File Content Structure

The file content structure in code steps varies depending on whether multiple file uploads are enabled:

{
  id: number;
  type: string;
  content: string;
  content_as_html?: string;
  page: number;
  parent?: number;
}

Single file upload example:

CODE_STEP
const contents = util.getFileContents(input.document);
contents.forEach((content) => {
  console.log(`Page ${content.page}: ${content.content}`);
});

Multiple file upload example:

CODE_STEP
const contents = util.getFileContents(input.document);
contents.forEach((fileContents, fileIndex) => {
  fileContents.forEach((content) => {
    console.log(
      `File ${fileIndex + 1}, Page ${content.page}: ${content.content}`
    );
  });
});

File Images Structure

File images are returned as an array of image URLs:

CODE_STEP
const images = util.getFileImages(input.document); // images = ['https://...', 'https://...']

For multiple files:

CODE_STEP
input.document.forEach((file) => {
  const fileImages = util.getFileImages(file);
  console.log('Images for file:', fileImages);
});

Simple Examples

  1. Audio to Lyrics Converter Takes a song audio file and outputs the lyrics.

  2. Video Summarizer Processes a video file and generates a summary.

  3. PDF Question-Answer System Analyzes multiple PDF files to answer questions.

Troubleshooting

Here are some common issues and their solutions:

Parse error when uploading a file

Parse errors during file upload typically occur when there’s a mismatch between the file type and the enabled parsing settings.
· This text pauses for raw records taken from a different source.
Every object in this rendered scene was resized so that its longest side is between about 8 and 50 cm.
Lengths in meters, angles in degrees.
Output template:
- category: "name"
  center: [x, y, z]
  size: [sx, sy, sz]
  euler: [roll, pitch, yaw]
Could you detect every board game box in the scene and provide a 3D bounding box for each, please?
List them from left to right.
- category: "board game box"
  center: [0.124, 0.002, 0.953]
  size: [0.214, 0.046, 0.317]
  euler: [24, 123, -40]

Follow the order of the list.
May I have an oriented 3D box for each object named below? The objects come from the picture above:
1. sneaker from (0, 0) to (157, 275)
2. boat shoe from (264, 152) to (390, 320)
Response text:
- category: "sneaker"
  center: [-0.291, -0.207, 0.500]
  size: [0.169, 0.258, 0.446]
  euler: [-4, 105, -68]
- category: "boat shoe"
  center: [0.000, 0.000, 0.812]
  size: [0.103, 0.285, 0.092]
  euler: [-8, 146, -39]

Here’s what you need to know:

  1. File Type Compatibility:

    • Text/content extraction works with: PDF, Word docs, text files
    • Image extraction works with: PDF, image files (PNG, JPG, etc.)
    • Video/audio files cannot be parsed for text or images
  2. Common Error Scenario: If you’ve enabled content or image extraction in the file field settings (as shown in prerequisites), but upload an incompatible file type like video or audio, you’ll receive a parse error.

To resolve this, ensure your file field settings match the types of files you plan to upload. For video and audio files, extracting content or images will not work.